A major consequence of traumatic brain and spinal cord injury is the loss of the myelin sheath, a cholesterol-rich layer of insulation that wraps around axons of the nervous system. In the central nervous system (CNS), myelin is produced and maintained by oligodendrocytes. Damage to the CNS may result in oligodendrocyte cell death and subsequent loss of myelin, which can have serious consequences for functional recovery. Demyelination impairs neuronal function by decelerating signal transmission along the axon and has been implicated in many neurodegenerative diseases. After a traumatic injury, mechanisms of endogenous remyelination in the CNS are limited and often fail, for reasons that remain poorly understood.
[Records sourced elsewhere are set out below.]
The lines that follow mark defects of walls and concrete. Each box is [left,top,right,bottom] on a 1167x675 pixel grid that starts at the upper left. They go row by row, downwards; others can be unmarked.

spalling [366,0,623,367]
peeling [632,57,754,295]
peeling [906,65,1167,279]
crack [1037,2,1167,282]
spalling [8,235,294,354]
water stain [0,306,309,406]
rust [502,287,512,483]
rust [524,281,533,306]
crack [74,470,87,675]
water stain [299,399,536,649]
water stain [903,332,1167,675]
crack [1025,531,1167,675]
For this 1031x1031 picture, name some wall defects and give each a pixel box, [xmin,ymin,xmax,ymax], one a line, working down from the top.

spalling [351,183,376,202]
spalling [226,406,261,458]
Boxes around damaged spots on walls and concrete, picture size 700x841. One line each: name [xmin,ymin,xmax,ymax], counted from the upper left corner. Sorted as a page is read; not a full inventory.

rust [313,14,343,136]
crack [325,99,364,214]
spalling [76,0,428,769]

One area of research focuses on enhancing this endogenous response. Existing techniques include the use of small molecules, RNA interference (RNAi), and monoclonal antibodies that target specific signaling components of myelination for recovery. Cell-based replacement strategies geared towards replenishing oligodendrocytes and their progenitors have been utilized by several groups in the last decade as well. In this review article, we discuss the effects of traumatic injury on oligodendrocytes in the CNS, the lack of endogenous remyelination, translational studies in rodent models promoting remyelination, and finally human clinical studies on remyelination in the CNS after injury.
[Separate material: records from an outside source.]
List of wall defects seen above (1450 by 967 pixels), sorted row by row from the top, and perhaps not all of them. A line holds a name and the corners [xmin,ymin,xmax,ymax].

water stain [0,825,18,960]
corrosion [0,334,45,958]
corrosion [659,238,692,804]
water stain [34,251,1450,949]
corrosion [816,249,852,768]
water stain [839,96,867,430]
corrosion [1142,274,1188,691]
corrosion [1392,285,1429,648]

创伤性脑和脊髓损伤的一个主要后果是髓鞘的丧失，髓鞘是包裹神经系统轴突的富含胆固醇的绝缘层。在中枢神经系统 (CNS) 中，髓磷脂由少突胶质细胞产生和维持。中枢神经系统损伤可能导致少突胶质细胞死亡和随后的髓鞘质丧失，这可能对功能恢复产生严重后果。脱髓鞘通过减慢沿轴突的信号传输来损害神经元功能，并且与许多神经退行性疾病有关。创伤性损伤后，中枢神经系统内源性髓鞘再生机制受到限制，并且经常失败，其原因仍知之甚少。研究领域的一个重点是增强这种内源性反应。现有技术包括使用小分子、RNA 干扰 (RNAi) 和单克隆抗体，针对髓鞘形成的特定信号成分进行恢复。在过去的十年中，一些研究小组也采用了旨在补充少突胶质细胞及其祖细胞的基于细胞的替代策略。在这篇综述文章中，我们讨论了创伤性损伤对中枢神经系统少突胶质细胞的影响、内源性髓鞘再生的缺乏、促进髓鞘再生的啮齿动物模型的转化研究，以及受伤后中枢神经系统髓鞘再生的人类临床研究。